CodePudding user response:
You could use data.table's roll='nearest'
join option.
In order to do so, time
needs to be converted to numeric:
library(data.table)
library(hms)
file = data.table(ID = c(1:19), time = lapply(c("6:01:00", "6:03:00","6:05:00", "6:08:00 ","6:10:00 ", "6:12:00 ", "6:15:00 ", "6:17:00 ", "6:19:00 ", "6:22:00 ", "6:24:00 ", "6:26:00 ", "6:29:00 "),as.hms),
Turn = c("A", "A", "B", "B", "C", "C", "A", "A", "A", "B",
"B", "C", "C"),
Value = c("16.00", "18.00", "17.00", "19.00", "21.00",
"26.00", "25.60", "27.34", "29.09", "30.83",
"32.57", "34.31", "36.06"))
# numeric join field
file[,itime:=as.numeric(time)]
Data_A <- file[Turn %in% c("A"), ]
Data_B <- file[Turn %in% c("B"), ]
Data_C <- file[Turn %in% c("C"), ]
Data_C[Data_A,.(ID = i.ID,
time = i.time,
Value = i.Value,
Turn = i.Turn,
time_C = x.time,
Value_C = x.Value,
Turn_C = x.Turn),on=.(itime),roll='nearest']

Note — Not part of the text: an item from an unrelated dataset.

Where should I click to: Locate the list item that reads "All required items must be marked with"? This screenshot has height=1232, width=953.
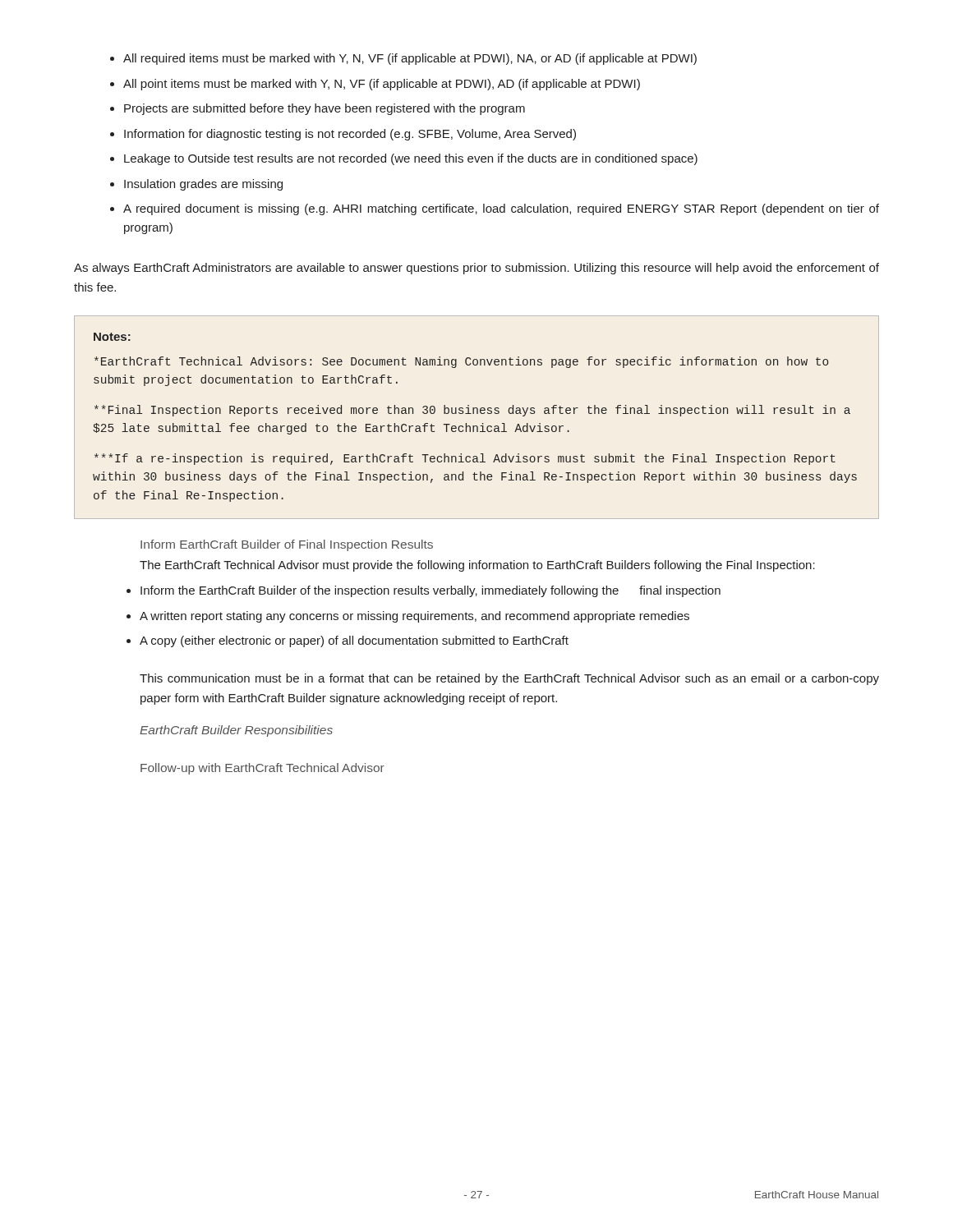tap(501, 143)

#> ID time Value Turn time_C Value_C Turn_C
#> <int> <list> <char> <char> <list> <char> <char>
#> 1: 1 06:01:00 16.00 A 06:10:00 21.00 C
#> 2: 2 06:03:00 18.00 A 06:10:00 21.00 C
#> 3: 7 06:15:00 25.60 A 06:12:00 26.00 C
#> 4: 8 06:17:00 27.34 A 06:12:00 26.00 C
#> 5: 9 06:19:00 29.09 A 06:12:00 26.00 C
#> 6: 14 06:01:00 16.00 A 06:10:00 21.00 C
#> 7: 15 06:03:00 18.00 A 06:10:00 21.00 C
CodePudding user response:
I would try something in that logic:
First, arrange both dataset by descending order of time, using the arrange() function from the tidyverse packages.
Now that the two datas are arranged the same way,
Join them together according to dataset C using the left_join() function (also from tidyverse).
library(tidyverse)
A = arrange(Data_A, Time)
C = arrange(Data_C, Time)
left_join(A,C)
I tend to confuse left, right or inner join. Please make sure you get your desired result and change to either inner or right (there's also full/anti join, you'll figure out what each does if you play with it. It's basically a venn diagram of datasets).
To use the tidyverse packages use install.packages("tidyverse") if you don't have them installed.